How To Build A Great Paddling First Aid Kit

When you head out on a paddling trip, there are a few things that can go wrong and accidents should never be left to chance. For example, your buddy could cut themselves after a clumsy fall or a friend could run into a group of angry wasps. That’s without mentioning the fact that first aid kit supplies tend to dwindle and are often forgotten about. So, whether you’re a guide or simply someone who’s heading out for the weekend it’s important that your paddling first aid kit is stocked and ready to go.

And this is in addition to the safety gear you use on your kayak. Before you head out on a long trip take the time to take stock of what’s in your first aid kit, what needs replacing and what’s missing; or, if you haven’t had a first aid kit all of this time, to begin building the ultimate kit to begin with.


Before we continue we advise anyone to consult with a medical professional before consuming any of the following medication. The following is for informational purposes only.

Firstly, it’s important to note that all paddling first aid kits should be sealed in a dry bag or waterproof case to ensure they aren’t damaged or ruined when it’s wet out. After all, failing to have the correct equipment to hand could put you or someone else in danger. So, once you’ve got the first aid kit bag sorted, it’s time to fill it.


Medication and Painkillers

Ibuprofen is a must in any first aid kit; it does everything from reducing swelling to getting rid of a pesky headache.

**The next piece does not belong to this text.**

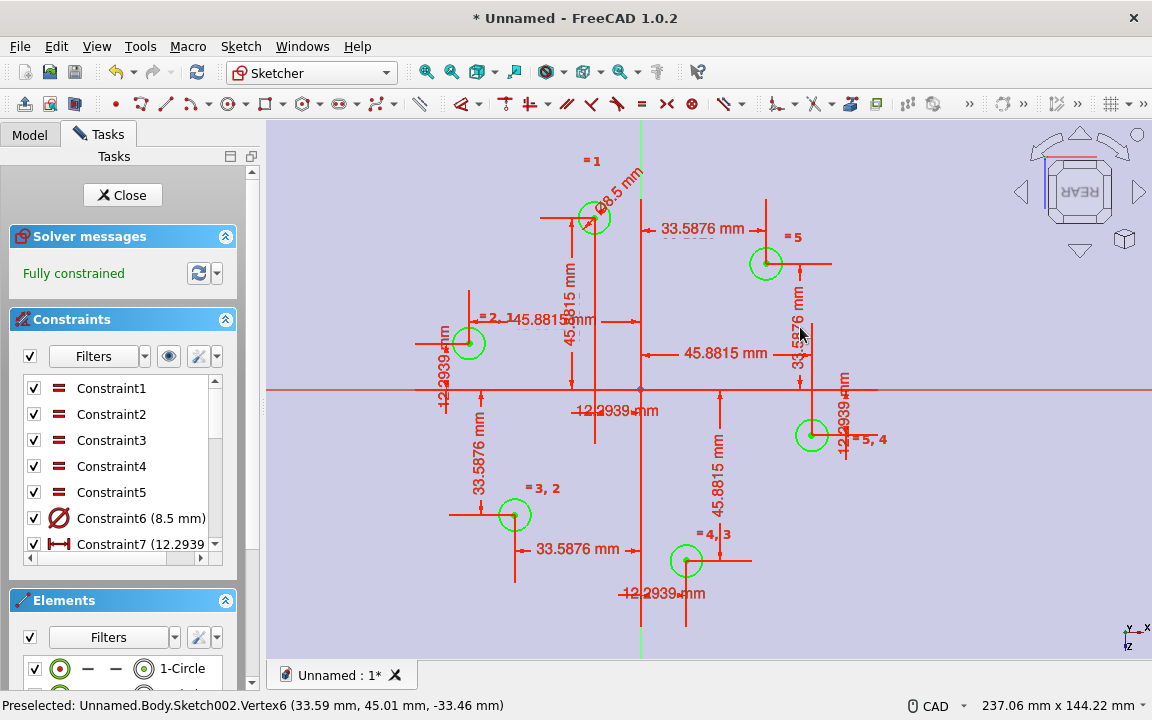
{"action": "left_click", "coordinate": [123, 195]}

There are other alternatives to Ibuprofen and Aspirin and Paracetamol are both commonly used. It’s also worth including a type of antihistamine in case of a bee sting or allergic reaction, as well as Afterbite. Nausea is common on paddling trips and you never know when a funny tummy may strike, so be sure to stock up on anti-nausea medication to ensure nobody loses too many fluids. We’d also recommend to add some glucose paste to your kit, as this is ideal if there are diabetics on board or someone suffers a major sugar crash; this is also when it’s handy to have a bar of chocolate to hand. You never know what interesting foliage you’ll come into contact with when you’re paddling and so topical inflammation cream is a must; it works for most things, even those that you struggle to identify.

When stocking your first aid kit, ensure all medications and pills are clearly labeled and stored to avoid rummaging around at the bottom of the bag. A top tip is to use duct tape or Sellotape to reinforce the medication packaging as this helps to keep dosage instructions secure.

Bandages, Plasters, and Tape

You never know what type of injury you’ll run into when paddling, so it’s best to have an array of bandages, plasters, and tape available in many different sizes. The ultimate paddling first aid kit should contain:


     Sterile dressings in 4x4, 3x3 and 2x2

     Non-sticky sterile dressings

     An eye pad

     8x10 and 5x9 trauma pads for serious injuries

     Gauze bandages, elastic bandages, strip bandages, knuckle bandages, and triangular bandages

     Adhesive tape or athletic tape

     Equipment to create an arm sling

     Wound closure strips



When it comes to EMT, there are a few things that shouldn’t be missed. Such as: 

     A CPR Mask; Many first aid kits will come with a portable CPR mask, but we’d advise you to invest in a real one. They’re compact and much better for protection against bodily fluids.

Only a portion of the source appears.